**WHAT IS BEING ASKED**
Lift out, unaltered, the lines of the material below between the line holding "3) rack shelf (839,298,993,471)" and the line holding "34) plastic bottle (909,0,929,51)", counting both.
- - - - - - -
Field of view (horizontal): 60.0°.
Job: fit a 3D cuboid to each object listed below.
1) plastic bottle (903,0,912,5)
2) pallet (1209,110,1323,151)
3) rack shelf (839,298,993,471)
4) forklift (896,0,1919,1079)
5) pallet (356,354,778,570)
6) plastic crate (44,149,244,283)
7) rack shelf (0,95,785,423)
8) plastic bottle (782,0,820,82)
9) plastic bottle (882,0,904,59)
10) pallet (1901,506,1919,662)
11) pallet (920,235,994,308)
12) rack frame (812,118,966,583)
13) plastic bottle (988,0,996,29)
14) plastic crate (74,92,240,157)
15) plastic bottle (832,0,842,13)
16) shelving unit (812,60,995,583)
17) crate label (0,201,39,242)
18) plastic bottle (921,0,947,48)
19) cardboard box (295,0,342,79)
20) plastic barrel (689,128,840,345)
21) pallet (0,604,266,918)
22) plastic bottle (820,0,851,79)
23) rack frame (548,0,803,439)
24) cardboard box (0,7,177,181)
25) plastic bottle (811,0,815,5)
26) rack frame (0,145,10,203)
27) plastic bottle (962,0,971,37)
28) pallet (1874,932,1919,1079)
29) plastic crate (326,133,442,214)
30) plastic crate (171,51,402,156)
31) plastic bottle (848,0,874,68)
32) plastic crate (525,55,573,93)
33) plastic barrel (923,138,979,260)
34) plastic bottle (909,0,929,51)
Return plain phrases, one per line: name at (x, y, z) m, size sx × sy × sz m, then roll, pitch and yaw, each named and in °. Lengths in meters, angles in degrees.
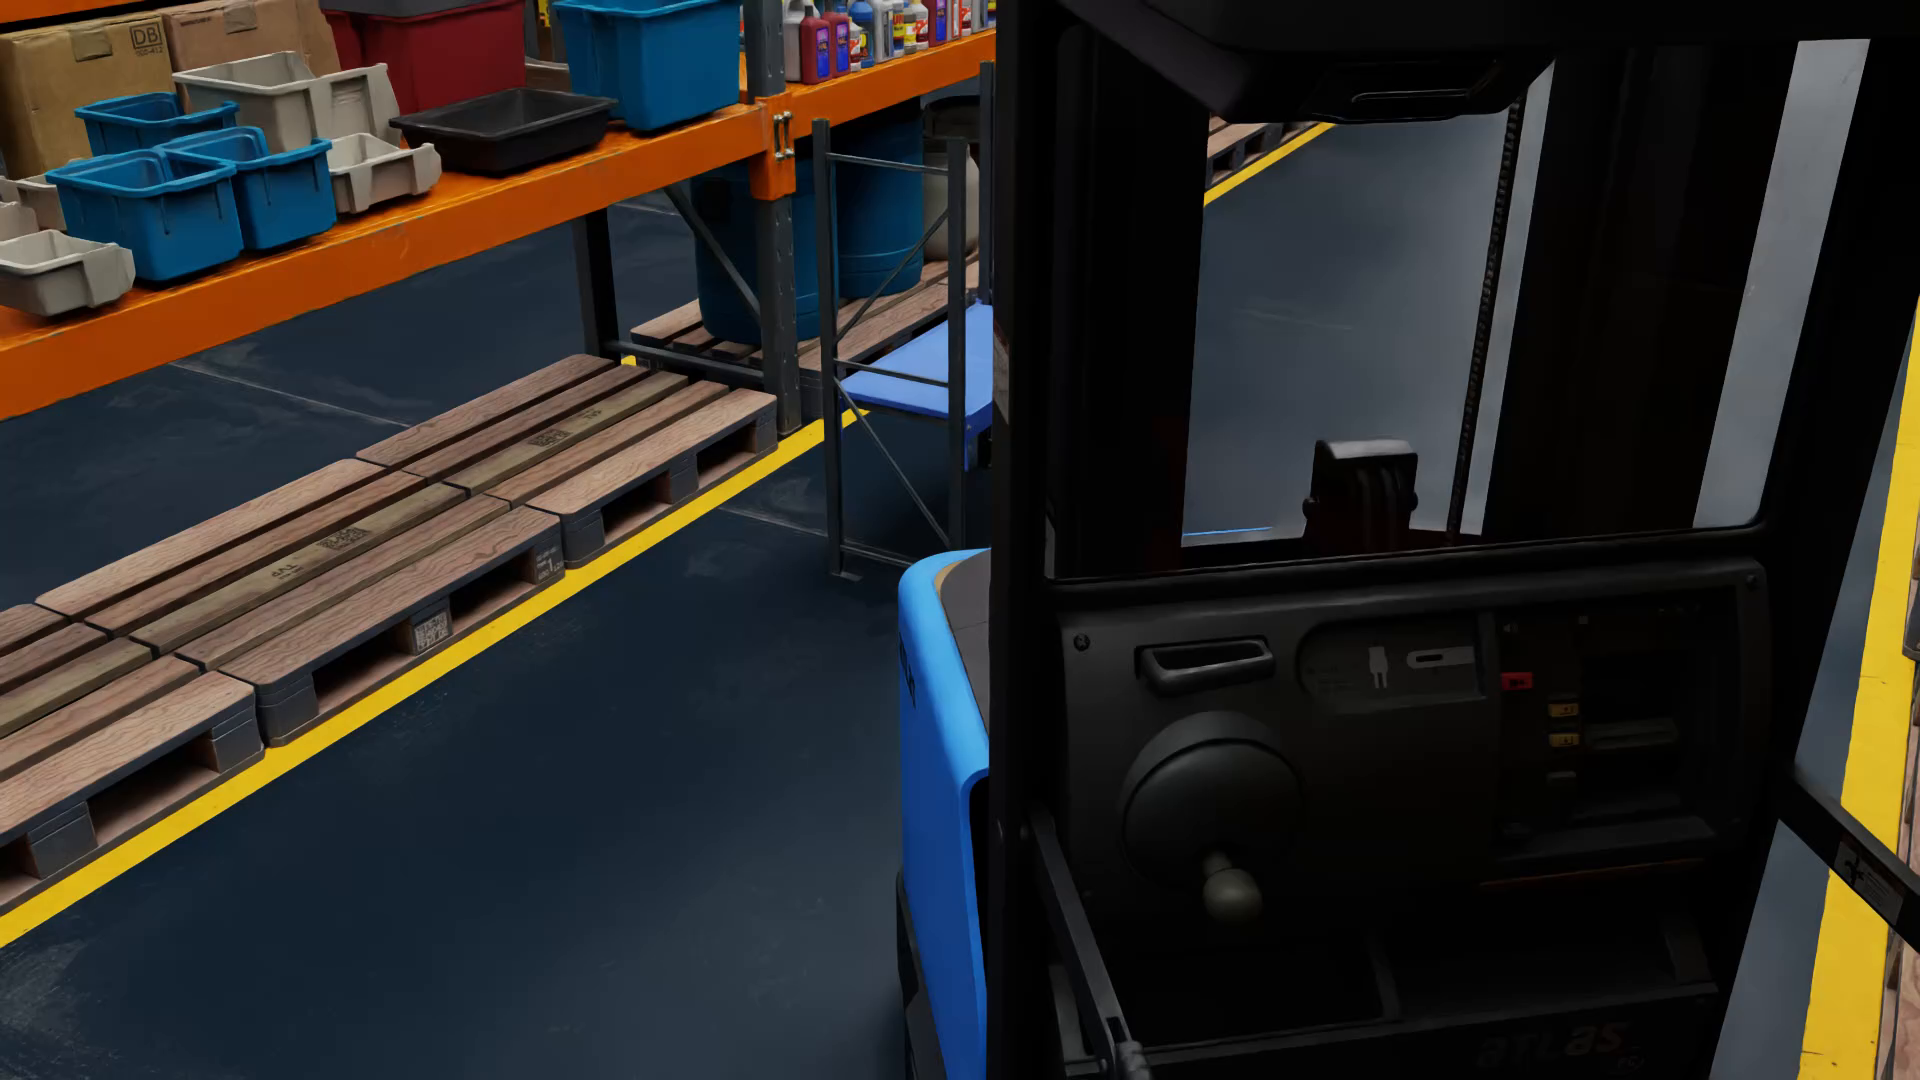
plastic bottle at (-0.213, -2.310, 7.153) m, size 0.152 × 0.276 × 0.135 m, roll 14°, pitch 30°, yaw 26°
pallet at (1.888, -2.954, 11.415) m, size 1.003 × 0.211 × 1.213 m, roll 14°, pitch 30°, yaw 26°
rack shelf at (0.042, -0.543, 5.561) m, size 0.538 × 0.185 × 1.000 m, roll 14°, pitch 30°, yaw 26°
forklift at (0.623, 0.287, 1.901) m, size 1.130 × 2.935 × 3.031 m, roll -4°, pitch 27°, yaw -9°
pallet at (-1.423, -0.333, 6.179) m, size 1.003 × 0.211 × 1.213 m, roll 14°, pitch 30°, yaw 26°
plastic crate at (-2.007, -0.805, 4.127) m, size 0.416 × 0.233 × 0.300 m, roll 14°, pitch 30°, yaw 26°
rack shelf at (-2.079, -0.774, 4.749) m, size 1.077 × 0.370 × 4.000 m, roll 14°, pitch 30°, yaw 26°
plastic bottle at (-0.620, -1.935, 6.319) m, size 0.144 × 0.351 × 0.185 m, roll 14°, pitch 30°, yaw 26°
plastic bottle at (-0.275, -2.096, 6.729) m, size 0.097 × 0.271 × 0.097 m, roll 0°, pitch 27°, yaw 0°
pallet at (3.583, 0.139, 5.237) m, size 1.003 × 0.211 × 1.213 m, roll 14°, pitch 30°, yaw 26°
pallet at (-0.080, -1.397, 8.305) m, size 1.003 × 0.211 × 1.213 m, roll 14°, pitch 30°, yaw 26°
rack frame at (-0.208, -0.506, 5.085) m, size 0.500 × 1.500 × 0.032 m, roll 14°, pitch 30°, yaw 26°
plastic bottle at (0.115, -2.404, 7.346) m, size 0.097 × 0.271 × 0.097 m, roll 0°, pitch 27°, yaw 0°
plastic crate at (-2.276, -1.125, 4.766) m, size 0.416 × 0.233 × 0.300 m, roll 14°, pitch 30°, yaw 26°
plastic bottle at (-0.571, -2.413, 7.364) m, size 0.097 × 0.271 × 0.097 m, roll 0°, pitch 27°, yaw 0°
shelving unit at (0.042, -0.704, 5.481) m, size 0.538 × 1.500 × 1.048 m, roll 14°, pitch 30°, yaw 26°
crate label at (-2.549, -0.806, 4.238) m, size 0.396 × 0.136 × 0.243 m, roll 14°, pitch 30°, yaw 26°
plastic bottle at (-0.107, -2.218, 6.960) m, size 0.061 × 0.283 × 0.133 m, roll 14°, pitch 30°, yaw 26°
cardboard box at (-4.243, -3.152, 10.601) m, size 1.225 × 0.875 × 0.875 m, roll 14°, pitch 30°, yaw 26°
plastic barrel at (-0.813, -1.333, 6.937) m, size 0.600 × 0.901 × 0.708 m, roll 14°, pitch 30°, yaw 26°
pallet at (-2.624, 0.618, 4.280) m, size 1.003 × 0.211 × 1.213 m, roll 14°, pitch 30°, yaw 26°
plastic bottle at (-0.478, -1.924, 6.373) m, size 0.061 × 0.283 × 0.133 m, roll 14°, pitch 30°, yaw 26°
rack frame at (-1.095, -1.875, 6.145) m, size 1.000 × 3.000 × 0.127 m, roll 14°, pitch 30°, yaw 26°
cardboard box at (-5.110, -2.457, 9.212) m, size 1.225 × 0.875 × 0.875 m, roll 14°, pitch 30°, yaw 26°
plastic bottle at (-0.712, -2.324, 7.096) m, size 0.144 × 0.351 × 0.185 m, roll 14°, pitch 30°, yaw 26°
rack frame at (-5.408, -2.966, 8.324) m, size 1.000 × 3.000 × 0.127 m, roll 14°, pitch 30°, yaw 26°
plastic bottle at (0.000, -2.283, 7.181) m, size 0.097 × 0.201 × 0.097 m, roll 0°, pitch 27°, yaw 0°
pallet at (2.277, 1.209, 3.099) m, size 1.003 × 0.211 × 1.213 m, roll 14°, pitch 30°, yaw 26°
plastic crate at (-1.690, -1.039, 4.702) m, size 0.293 × 0.136 × 0.466 m, roll 14°, pitch 30°, yaw 26°
plastic crate at (-2.007, -1.294, 5.050) m, size 0.437 × 0.282 × 0.530 m, roll 14°, pitch 30°, yaw 26°
plastic bottle at (-0.389, -2.005, 6.549) m, size 0.097 × 0.271 × 0.097 m, roll 0°, pitch 27°, yaw 0°
plastic crate at (-1.449, -1.634, 5.891) m, size 0.396 × 0.136 × 0.243 m, roll 14°, pitch 30°, yaw 26°
plastic barrel at (-0.109, -1.635, 7.975) m, size 0.421 × 0.512 × 0.421 m, roll 0°, pitch 27°, yaw 0°
plastic bottle at (-0.179, -2.140, 6.897) m, size 0.097 × 0.201 × 0.097 m, roll 0°, pitch 27°, yaw 0°
- - - - - - -
**RESULT OF THE EXERCISE**
3) rack shelf (839,298,993,471)
4) forklift (896,0,1919,1079)
5) pallet (356,354,778,570)
6) plastic crate (44,149,244,283)
7) rack shelf (0,95,785,423)
8) plastic bottle (782,0,820,82)
9) plastic bottle (882,0,904,59)
10) pallet (1901,506,1919,662)
11) pallet (920,235,994,308)
12) rack frame (812,118,966,583)
13) plastic bottle (988,0,996,29)
14) plastic crate (74,92,240,157)
15) plastic bottle (832,0,842,13)
16) shelving unit (812,60,995,583)
17) crate label (0,201,39,242)
18) plastic bottle (921,0,947,48)
19) cardboard box (295,0,342,79)
20) plastic barrel (689,128,840,345)
21) pallet (0,604,266,918)
22) plastic bottle (820,0,851,79)
23) rack frame (548,0,803,439)
24) cardboard box (0,7,177,181)
25) plastic bottle (811,0,815,5)
26) rack frame (0,145,10,203)
27) plastic bottle (962,0,971,37)
28) pallet (1874,932,1919,1079)
29) plastic crate (326,133,442,214)
30) plastic crate (171,51,402,156)
31) plastic bottle (848,0,874,68)
32) plastic crate (525,55,573,93)
33) plastic barrel (923,138,979,260)
34) plastic bottle (909,0,929,51)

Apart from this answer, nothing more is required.